Each blob is allocated enough extents to contain all of its data, as well as a number of data blocks reserved for storing verification metadata of the blob. This metadata is always stored in the first blocks of the blob. Metadata is padded so that the actual data always starts at a block-aligned address.

This verification metadata is called a Merkle Tree, a data structure that uses cryptographic hashes to guarantee the integrity of the blob's contents.

Merkle tree

A blob's Merkle Tree is constructed as follows (for more details, see Fuchsia Merkle Roots):

Each leaf node is a sha256 hash of a single block's worth of data.
Each non-leaf node is a sha256 hash combining its children's hashes.
The tree terminates at the level where there is a single sha256 hash.

The hash value at the top-most node is known as the Merkle Root of the blob. This value is used as the name of the blob.

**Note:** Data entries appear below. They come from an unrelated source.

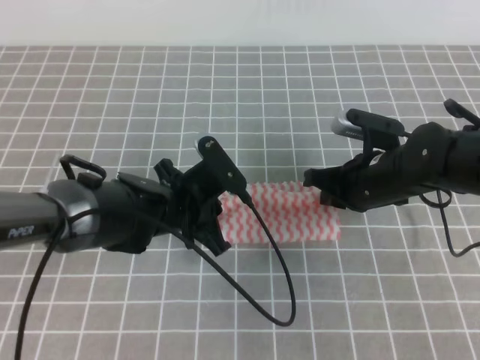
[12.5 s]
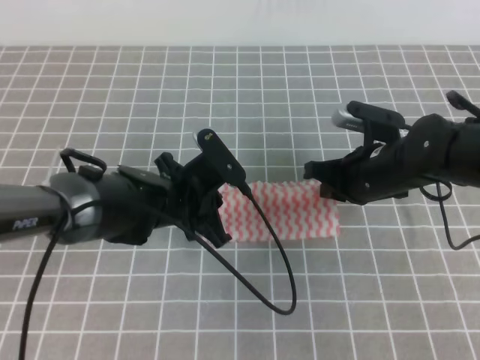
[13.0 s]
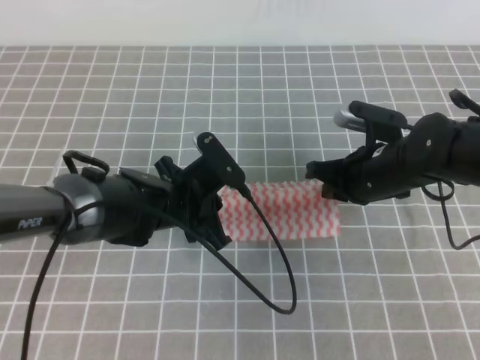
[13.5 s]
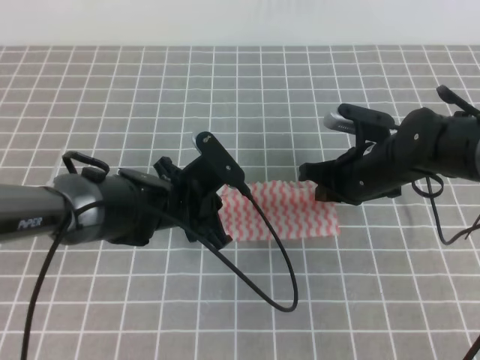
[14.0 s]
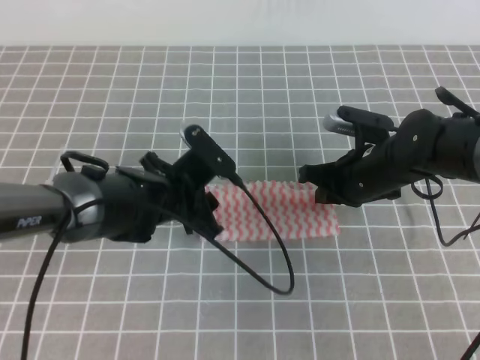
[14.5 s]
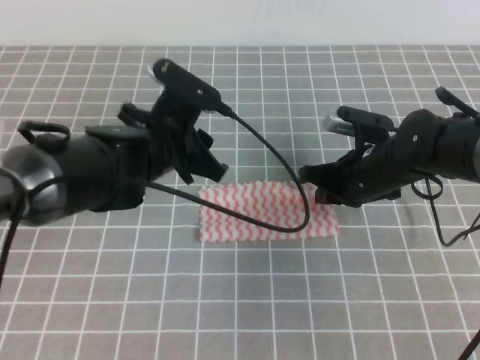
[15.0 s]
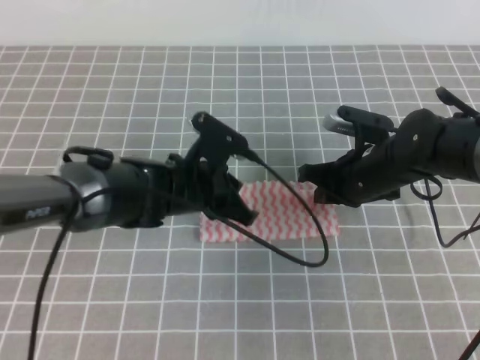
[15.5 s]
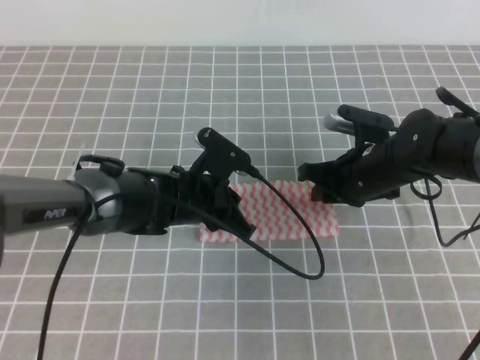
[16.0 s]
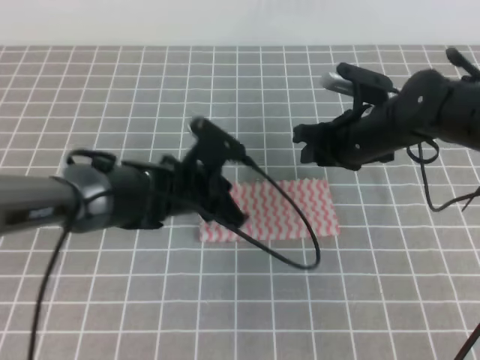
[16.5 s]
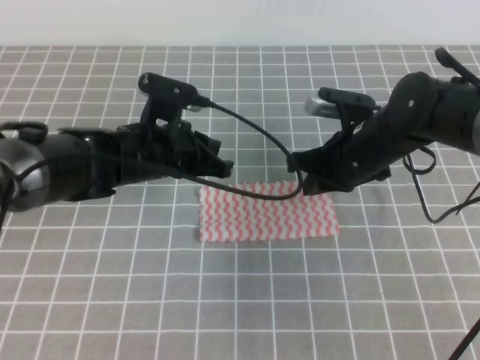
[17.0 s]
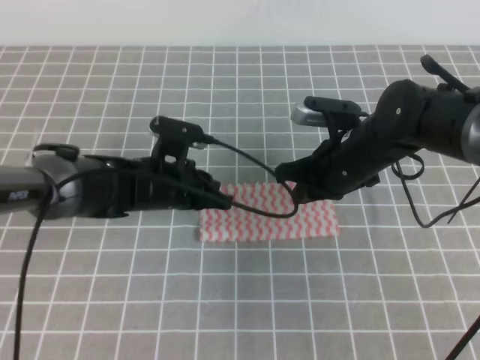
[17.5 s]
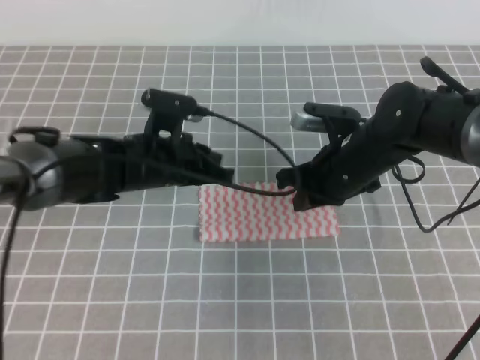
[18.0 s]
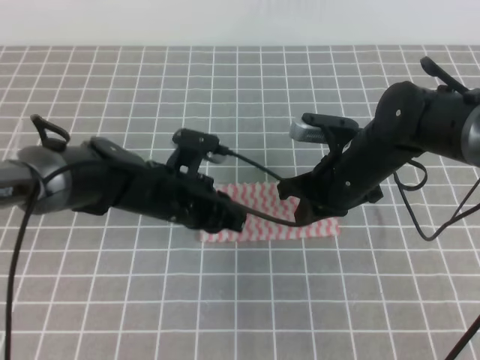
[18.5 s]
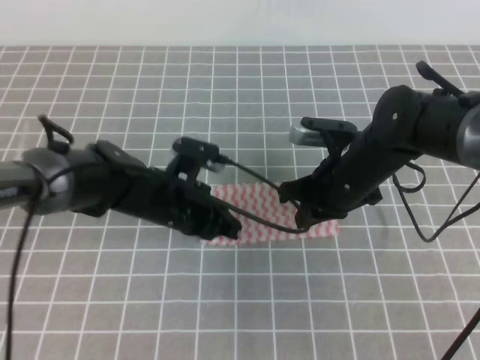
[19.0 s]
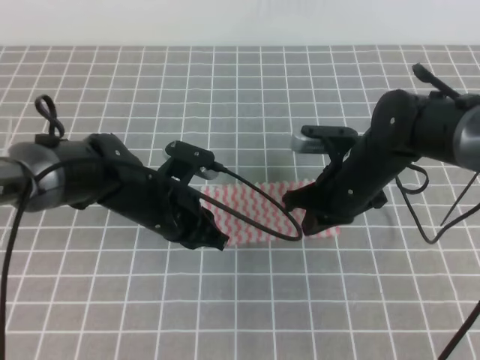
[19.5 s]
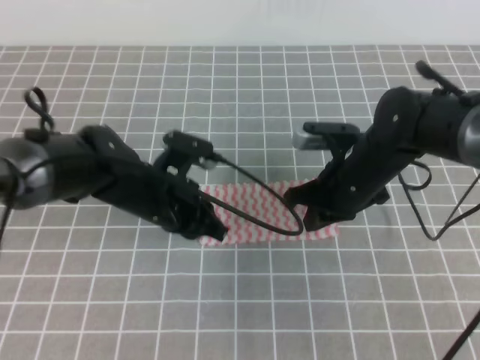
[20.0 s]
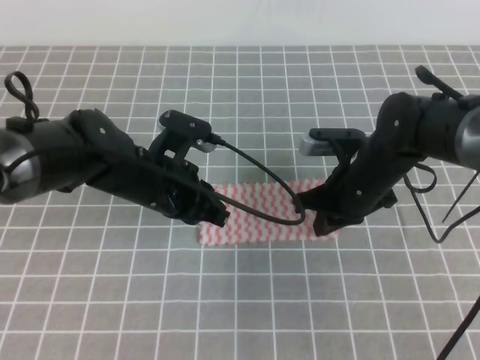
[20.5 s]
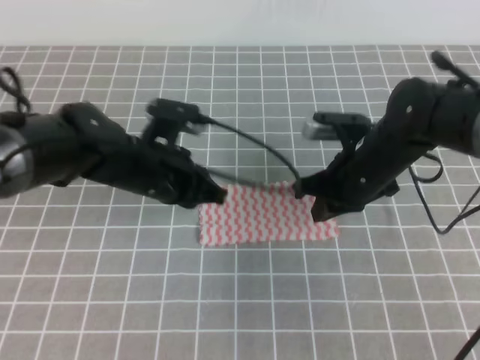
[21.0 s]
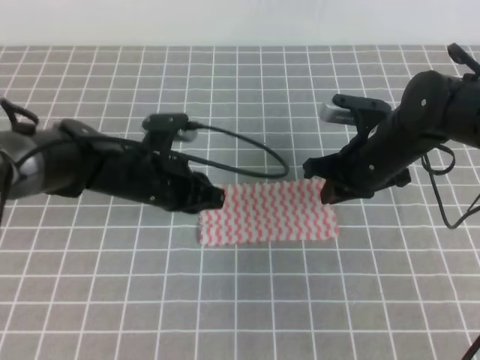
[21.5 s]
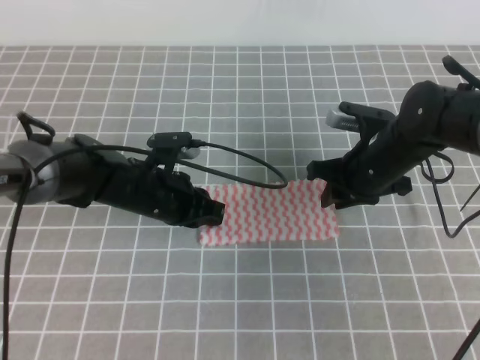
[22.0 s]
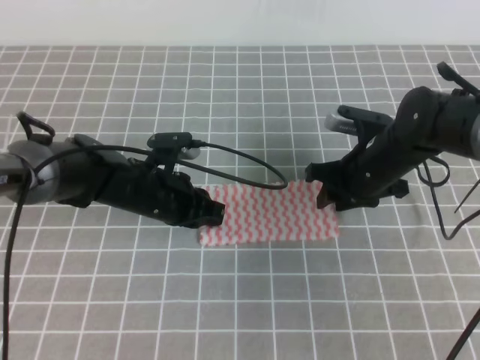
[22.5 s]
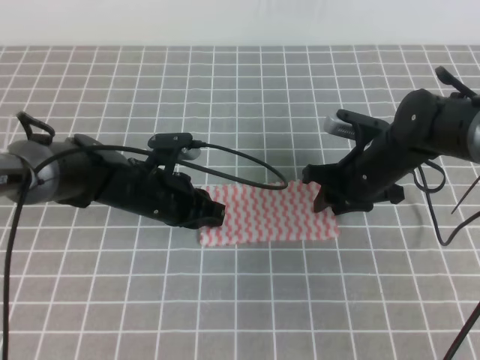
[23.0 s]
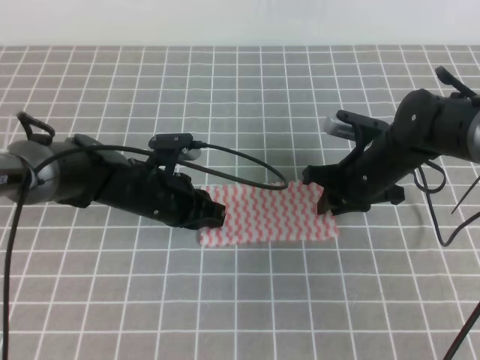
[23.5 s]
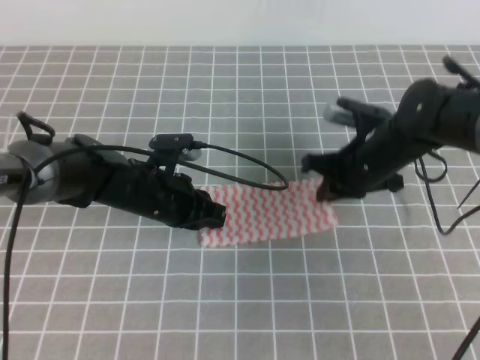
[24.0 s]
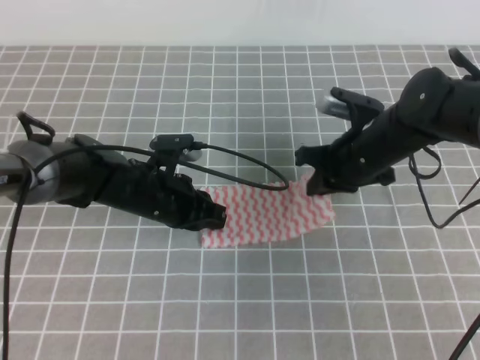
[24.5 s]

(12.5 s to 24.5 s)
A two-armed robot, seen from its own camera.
12.5 s - 14.5 s: The left gripper opens.
14.5 s - 16.5 s: The left gripper reaches some 5 cm upward, then returns, and closes its fingers; the right gripper opens its fingers.
16.5 s - 18.5 s: The right gripper closes its fingers.
18.5 s - 20.5 s: The grippers move only a little.
20.5 s - 22.5 s: The right gripper opens up; the left gripper goes roughly 5 cm downward.
22.5 s - 24.5 s: The right gripper closes up.

A simplified example Merkle Tree

Figure 10: A simplified example Merkle Tree. Note that in practice more information is included in each hash value (such as the block offset and length), and each non-leaf node is significantly wider (in particular, each non-leaf node can contain up to 8192 / 32 == 256 children).

Implementation of BlobFS

Like other Fuchsia filesystems, BlobFS is implemented as a userspace process that serves clients through a FIDL interface.